I expect when Jr was young playing old-time, before bluegrass came along, he played a good bit of music with Uncle Howard who lived at the other end of Pine Swamp Road. Ed Atwood, clawhammer picker, lived across the Little River Creek from Jr, and was banjo with Howard's band. Jr's older half-brother, Welter Maxwell, was an old-time fiddler. Jr's cousin Richard, son of Howard, played guitar. His cousin Carol, Howard's daughter, played guitar. The whole bunch of the Pine Swamp Joineses were good musicians and good singers. Among the living ones is Dennis Joines, bluegrass singer and guitar picker. Last I heard his band is New River Bluegrass. He also has a responsible job that keeps him on the road between home and Winston-Salem a lot. I always think of Dennis when I think of Pine Swamp musicians. He can sing a bluegrass song. He has a singing voice, like Jeff Michael, that is right for bluegrass and does it right. Jeff would rather be poor and make music, while Dennis would rather have a nice house, good woman, some kids, a home. To afford the home he wants, he needs to make some money. Howard was Dennis's uncle too. Dennis's dad, Walton, also a good singer and musician, was Howard's brother and Jr's mother's brother. 

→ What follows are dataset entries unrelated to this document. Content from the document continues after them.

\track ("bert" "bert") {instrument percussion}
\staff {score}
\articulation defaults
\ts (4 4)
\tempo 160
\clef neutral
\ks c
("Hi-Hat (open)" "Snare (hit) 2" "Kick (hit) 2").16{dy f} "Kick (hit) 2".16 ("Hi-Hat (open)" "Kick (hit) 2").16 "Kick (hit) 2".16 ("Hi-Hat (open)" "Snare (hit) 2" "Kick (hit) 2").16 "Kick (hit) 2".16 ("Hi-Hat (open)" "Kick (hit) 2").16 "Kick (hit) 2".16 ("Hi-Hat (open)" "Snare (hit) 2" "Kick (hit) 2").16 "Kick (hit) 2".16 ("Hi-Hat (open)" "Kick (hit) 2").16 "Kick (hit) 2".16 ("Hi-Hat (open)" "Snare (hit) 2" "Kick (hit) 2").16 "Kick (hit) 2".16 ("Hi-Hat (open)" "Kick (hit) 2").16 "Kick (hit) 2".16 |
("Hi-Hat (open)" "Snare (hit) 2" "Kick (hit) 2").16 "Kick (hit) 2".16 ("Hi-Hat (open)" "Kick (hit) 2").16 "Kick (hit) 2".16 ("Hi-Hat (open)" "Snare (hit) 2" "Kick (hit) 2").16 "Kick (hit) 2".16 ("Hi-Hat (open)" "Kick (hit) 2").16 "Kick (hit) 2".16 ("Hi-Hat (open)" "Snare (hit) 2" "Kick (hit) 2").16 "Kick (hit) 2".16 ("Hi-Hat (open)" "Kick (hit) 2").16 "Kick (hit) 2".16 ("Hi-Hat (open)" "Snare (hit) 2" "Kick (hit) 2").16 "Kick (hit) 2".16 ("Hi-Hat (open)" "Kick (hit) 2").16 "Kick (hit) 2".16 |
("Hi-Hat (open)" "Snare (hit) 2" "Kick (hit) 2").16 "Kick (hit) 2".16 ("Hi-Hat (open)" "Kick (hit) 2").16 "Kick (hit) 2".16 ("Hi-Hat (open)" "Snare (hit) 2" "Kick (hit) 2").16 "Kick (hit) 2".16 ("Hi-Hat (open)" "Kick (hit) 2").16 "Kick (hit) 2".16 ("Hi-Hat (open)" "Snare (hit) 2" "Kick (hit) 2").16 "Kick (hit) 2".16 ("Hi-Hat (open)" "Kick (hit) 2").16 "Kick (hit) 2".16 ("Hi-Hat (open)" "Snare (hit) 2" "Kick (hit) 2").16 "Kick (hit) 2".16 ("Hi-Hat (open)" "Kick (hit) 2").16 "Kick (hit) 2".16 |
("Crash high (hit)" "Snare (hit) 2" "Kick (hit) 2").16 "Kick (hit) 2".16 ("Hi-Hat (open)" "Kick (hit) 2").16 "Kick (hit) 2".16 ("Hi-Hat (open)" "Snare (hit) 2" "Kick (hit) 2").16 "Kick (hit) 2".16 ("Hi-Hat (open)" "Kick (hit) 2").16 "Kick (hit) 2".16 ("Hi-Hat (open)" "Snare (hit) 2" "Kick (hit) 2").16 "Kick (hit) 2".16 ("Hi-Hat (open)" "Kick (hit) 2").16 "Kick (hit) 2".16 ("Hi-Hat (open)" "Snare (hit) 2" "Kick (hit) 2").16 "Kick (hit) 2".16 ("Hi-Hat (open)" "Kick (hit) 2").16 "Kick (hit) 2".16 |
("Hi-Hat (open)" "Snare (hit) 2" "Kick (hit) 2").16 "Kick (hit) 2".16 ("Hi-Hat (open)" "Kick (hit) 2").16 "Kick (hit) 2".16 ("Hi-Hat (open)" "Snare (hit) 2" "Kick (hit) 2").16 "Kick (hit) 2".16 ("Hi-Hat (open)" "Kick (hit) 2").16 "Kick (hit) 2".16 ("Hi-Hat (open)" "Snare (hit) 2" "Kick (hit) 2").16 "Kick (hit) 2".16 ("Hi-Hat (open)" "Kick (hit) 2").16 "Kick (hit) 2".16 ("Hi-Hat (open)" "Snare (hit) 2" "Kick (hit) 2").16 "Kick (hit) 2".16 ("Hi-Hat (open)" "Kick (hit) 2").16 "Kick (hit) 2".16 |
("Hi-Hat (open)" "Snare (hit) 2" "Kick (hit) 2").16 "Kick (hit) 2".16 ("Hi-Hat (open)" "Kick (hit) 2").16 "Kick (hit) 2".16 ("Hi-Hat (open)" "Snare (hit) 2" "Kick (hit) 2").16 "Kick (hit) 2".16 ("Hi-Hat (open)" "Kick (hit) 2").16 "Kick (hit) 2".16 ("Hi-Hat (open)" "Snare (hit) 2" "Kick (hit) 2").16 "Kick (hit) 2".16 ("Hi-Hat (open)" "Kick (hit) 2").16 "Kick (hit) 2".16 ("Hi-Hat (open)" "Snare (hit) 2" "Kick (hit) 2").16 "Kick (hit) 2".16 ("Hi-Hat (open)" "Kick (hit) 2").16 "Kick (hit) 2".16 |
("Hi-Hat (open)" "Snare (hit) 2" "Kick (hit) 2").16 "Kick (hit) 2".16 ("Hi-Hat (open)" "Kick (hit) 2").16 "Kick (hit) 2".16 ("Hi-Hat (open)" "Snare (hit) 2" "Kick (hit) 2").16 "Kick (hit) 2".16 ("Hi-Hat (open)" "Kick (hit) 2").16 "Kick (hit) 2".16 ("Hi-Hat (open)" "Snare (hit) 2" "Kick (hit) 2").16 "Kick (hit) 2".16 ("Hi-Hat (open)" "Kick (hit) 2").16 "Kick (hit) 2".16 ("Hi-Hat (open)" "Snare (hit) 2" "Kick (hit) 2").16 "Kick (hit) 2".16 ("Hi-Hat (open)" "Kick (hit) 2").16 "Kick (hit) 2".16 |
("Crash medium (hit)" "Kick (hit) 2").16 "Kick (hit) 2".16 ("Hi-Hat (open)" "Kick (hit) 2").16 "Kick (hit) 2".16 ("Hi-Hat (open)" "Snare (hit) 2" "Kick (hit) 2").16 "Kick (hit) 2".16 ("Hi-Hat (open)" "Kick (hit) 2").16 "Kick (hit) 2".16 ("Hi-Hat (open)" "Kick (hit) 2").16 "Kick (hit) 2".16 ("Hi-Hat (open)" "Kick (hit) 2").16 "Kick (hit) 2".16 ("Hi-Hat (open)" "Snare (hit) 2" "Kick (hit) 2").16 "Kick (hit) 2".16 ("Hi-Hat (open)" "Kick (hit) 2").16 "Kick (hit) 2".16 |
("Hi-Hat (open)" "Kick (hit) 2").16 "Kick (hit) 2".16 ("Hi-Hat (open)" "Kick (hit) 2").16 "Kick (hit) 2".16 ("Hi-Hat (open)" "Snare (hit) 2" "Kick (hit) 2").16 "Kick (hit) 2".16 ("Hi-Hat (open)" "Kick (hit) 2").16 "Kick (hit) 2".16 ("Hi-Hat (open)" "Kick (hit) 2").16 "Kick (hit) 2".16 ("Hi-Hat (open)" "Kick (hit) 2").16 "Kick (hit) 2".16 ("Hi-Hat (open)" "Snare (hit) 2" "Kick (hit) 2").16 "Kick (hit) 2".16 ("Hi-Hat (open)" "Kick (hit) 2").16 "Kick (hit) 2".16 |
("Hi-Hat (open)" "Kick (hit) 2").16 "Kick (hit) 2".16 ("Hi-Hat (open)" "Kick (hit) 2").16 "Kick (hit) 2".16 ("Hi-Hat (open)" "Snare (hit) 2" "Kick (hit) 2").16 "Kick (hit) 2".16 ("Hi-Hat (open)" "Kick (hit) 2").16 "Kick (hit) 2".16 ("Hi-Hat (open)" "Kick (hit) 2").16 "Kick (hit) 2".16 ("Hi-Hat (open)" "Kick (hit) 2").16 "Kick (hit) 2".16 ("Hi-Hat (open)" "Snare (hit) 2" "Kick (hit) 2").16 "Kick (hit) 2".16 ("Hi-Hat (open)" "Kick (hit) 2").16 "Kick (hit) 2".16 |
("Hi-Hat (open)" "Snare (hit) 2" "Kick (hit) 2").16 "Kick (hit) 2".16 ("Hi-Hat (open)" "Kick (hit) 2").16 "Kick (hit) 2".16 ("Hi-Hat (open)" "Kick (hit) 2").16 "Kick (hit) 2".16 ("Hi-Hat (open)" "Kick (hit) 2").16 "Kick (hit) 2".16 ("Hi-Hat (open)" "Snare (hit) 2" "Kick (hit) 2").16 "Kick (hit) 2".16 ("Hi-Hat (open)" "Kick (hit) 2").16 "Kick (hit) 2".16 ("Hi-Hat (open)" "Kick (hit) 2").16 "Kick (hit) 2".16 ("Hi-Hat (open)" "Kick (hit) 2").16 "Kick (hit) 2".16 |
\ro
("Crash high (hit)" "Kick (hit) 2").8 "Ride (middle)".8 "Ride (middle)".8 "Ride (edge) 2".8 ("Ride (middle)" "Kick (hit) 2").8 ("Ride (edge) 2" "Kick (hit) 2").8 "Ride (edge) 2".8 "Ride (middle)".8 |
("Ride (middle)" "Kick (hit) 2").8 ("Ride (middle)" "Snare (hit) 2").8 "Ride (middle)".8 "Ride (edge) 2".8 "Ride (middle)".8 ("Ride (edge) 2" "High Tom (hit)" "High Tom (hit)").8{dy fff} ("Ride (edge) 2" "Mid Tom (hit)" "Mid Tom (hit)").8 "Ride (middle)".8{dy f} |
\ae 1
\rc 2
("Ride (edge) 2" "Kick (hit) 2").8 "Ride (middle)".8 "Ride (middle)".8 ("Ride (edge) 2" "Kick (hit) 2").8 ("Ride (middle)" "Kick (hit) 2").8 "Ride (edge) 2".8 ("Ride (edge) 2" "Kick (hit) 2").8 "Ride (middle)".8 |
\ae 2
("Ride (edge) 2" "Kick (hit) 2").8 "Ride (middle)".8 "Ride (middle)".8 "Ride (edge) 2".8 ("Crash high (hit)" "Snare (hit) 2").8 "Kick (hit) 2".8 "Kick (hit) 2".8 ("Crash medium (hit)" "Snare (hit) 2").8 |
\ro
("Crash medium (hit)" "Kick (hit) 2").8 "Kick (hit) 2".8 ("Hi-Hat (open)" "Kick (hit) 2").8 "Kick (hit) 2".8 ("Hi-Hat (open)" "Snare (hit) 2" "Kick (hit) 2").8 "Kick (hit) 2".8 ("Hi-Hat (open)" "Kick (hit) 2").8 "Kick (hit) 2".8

I scrolled up to look at the picture and immediately saw a Pine Swamp Joines in his face. I saw Walton and Howard's son Richard, Dennis, and Jr's mother from photographs I've seen, the structure of the face. That's what I see when I see somebody is the structure of their face. I see it in the Joineses of Pine Swamp distinctly. Another thing I see that runs through them is they're all good people. They were Regular Baptists and went to New Salem on Pine Swamp Road. Howard is buried there. I remember seeing Walton's name carved on the back of one of the benches in the church. Walton left this world several years ago, and he did that when he was a kid, probably a teenage boy tied up in hormonal knots. Richard and Jr are the ones of these Joineses I've known the best, to sit and talk with awhile. I didn't mean the church reference as a qualification for someone to be "good people." Jr was not a church goer and he did everything "good" people aren't supposed to do. He was among the best when it comes to good people. I suppose by good I mean perhaps the least abrasive, generous, people you like to see again. That's it. People you like to see again.